* _INSTRUCTIONS TO FOLLOW_:
One number is the full answer: how many lines in the records contain the word "drawing"?

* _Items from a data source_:
----

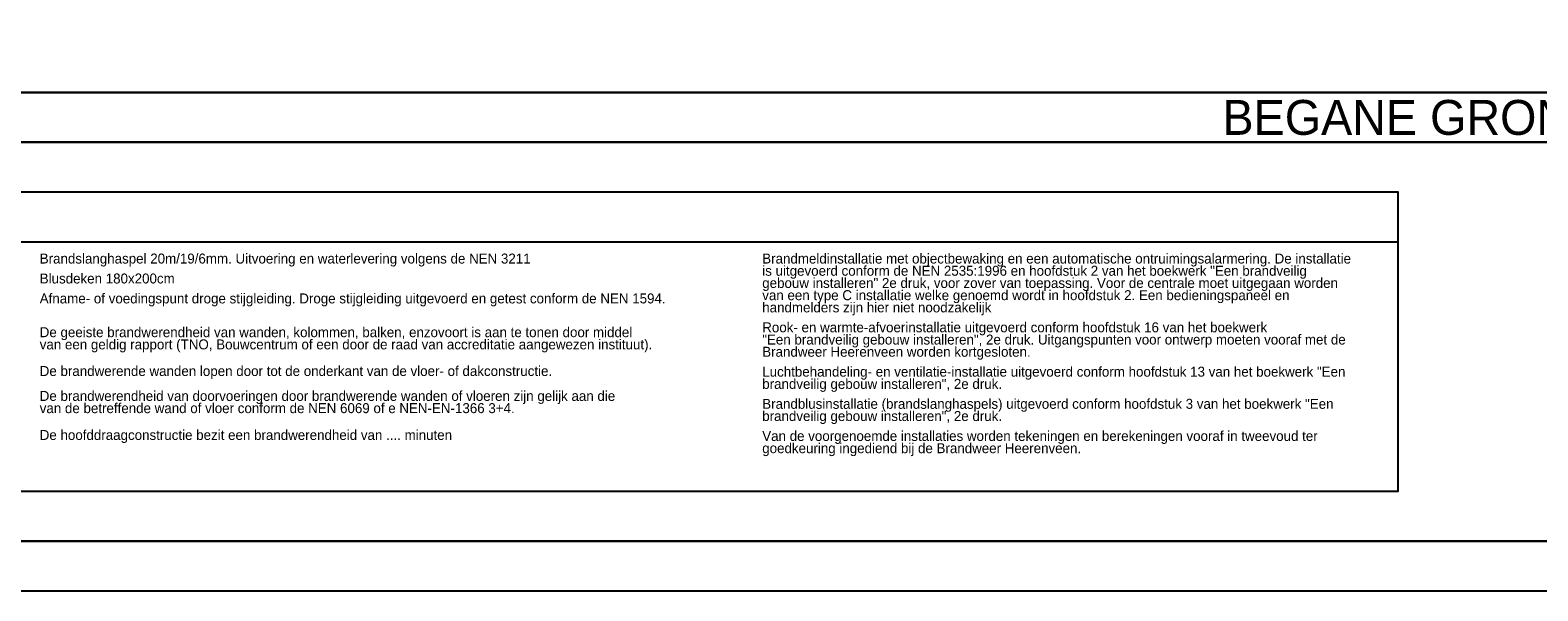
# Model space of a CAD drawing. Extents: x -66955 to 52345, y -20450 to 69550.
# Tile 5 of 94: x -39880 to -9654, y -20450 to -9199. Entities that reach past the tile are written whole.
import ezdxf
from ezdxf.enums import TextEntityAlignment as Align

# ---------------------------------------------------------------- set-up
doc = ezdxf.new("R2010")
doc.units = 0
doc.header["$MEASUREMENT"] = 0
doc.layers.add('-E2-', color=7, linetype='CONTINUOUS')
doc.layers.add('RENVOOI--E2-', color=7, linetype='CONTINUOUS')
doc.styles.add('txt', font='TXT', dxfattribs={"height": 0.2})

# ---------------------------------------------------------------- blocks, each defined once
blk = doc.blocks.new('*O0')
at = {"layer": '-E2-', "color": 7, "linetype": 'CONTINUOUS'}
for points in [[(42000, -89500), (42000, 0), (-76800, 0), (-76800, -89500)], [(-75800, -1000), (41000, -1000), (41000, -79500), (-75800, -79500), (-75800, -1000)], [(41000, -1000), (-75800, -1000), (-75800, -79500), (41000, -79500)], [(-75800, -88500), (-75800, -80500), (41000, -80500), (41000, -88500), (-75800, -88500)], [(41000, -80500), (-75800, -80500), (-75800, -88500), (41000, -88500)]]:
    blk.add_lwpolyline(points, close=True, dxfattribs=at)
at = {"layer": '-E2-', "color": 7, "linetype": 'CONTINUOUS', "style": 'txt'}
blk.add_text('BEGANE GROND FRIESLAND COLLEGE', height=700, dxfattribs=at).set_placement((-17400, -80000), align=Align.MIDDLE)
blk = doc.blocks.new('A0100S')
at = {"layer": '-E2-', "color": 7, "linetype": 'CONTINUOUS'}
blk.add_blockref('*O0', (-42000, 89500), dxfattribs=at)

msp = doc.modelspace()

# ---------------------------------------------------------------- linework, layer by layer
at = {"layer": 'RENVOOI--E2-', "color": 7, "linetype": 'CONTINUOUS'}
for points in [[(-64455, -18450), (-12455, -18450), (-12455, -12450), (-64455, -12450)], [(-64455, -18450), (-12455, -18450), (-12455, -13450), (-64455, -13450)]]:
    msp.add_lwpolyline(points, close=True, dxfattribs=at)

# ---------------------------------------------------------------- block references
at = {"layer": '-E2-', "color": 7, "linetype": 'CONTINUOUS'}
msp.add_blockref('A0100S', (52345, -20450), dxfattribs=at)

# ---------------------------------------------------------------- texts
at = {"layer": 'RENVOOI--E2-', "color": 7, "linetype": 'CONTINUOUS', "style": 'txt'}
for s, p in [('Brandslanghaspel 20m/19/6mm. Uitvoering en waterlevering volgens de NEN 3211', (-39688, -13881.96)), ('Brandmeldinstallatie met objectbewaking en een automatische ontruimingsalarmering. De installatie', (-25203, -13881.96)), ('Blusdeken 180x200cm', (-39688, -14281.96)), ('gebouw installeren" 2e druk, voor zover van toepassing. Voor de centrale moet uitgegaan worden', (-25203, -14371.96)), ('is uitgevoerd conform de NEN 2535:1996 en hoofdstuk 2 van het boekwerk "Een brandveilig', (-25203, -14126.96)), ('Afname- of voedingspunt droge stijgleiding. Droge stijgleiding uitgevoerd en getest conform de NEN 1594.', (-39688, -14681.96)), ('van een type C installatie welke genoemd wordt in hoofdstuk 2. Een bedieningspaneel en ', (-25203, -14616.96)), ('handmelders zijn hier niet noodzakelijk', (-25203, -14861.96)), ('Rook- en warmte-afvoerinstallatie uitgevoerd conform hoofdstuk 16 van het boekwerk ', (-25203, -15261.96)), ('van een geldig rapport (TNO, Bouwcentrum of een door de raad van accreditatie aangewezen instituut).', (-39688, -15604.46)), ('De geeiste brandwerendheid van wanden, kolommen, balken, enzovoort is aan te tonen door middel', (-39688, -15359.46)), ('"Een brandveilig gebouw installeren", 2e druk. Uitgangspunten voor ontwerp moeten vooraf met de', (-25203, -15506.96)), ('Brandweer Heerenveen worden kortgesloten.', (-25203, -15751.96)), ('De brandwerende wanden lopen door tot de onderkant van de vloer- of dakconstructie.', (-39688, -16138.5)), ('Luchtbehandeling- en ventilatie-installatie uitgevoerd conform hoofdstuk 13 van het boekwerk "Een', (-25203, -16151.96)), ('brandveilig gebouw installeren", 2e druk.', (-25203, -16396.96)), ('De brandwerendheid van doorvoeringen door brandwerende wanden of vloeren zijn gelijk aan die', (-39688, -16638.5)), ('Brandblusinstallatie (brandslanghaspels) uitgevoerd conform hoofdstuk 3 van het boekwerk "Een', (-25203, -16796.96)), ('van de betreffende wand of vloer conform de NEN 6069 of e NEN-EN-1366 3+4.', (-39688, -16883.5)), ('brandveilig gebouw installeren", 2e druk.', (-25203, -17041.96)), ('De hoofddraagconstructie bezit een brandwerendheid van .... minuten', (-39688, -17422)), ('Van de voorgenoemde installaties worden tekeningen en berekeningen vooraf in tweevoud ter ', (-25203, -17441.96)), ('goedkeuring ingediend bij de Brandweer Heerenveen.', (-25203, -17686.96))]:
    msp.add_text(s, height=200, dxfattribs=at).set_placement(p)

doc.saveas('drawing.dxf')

----

* _RESPONSE TO THE TASK_:
2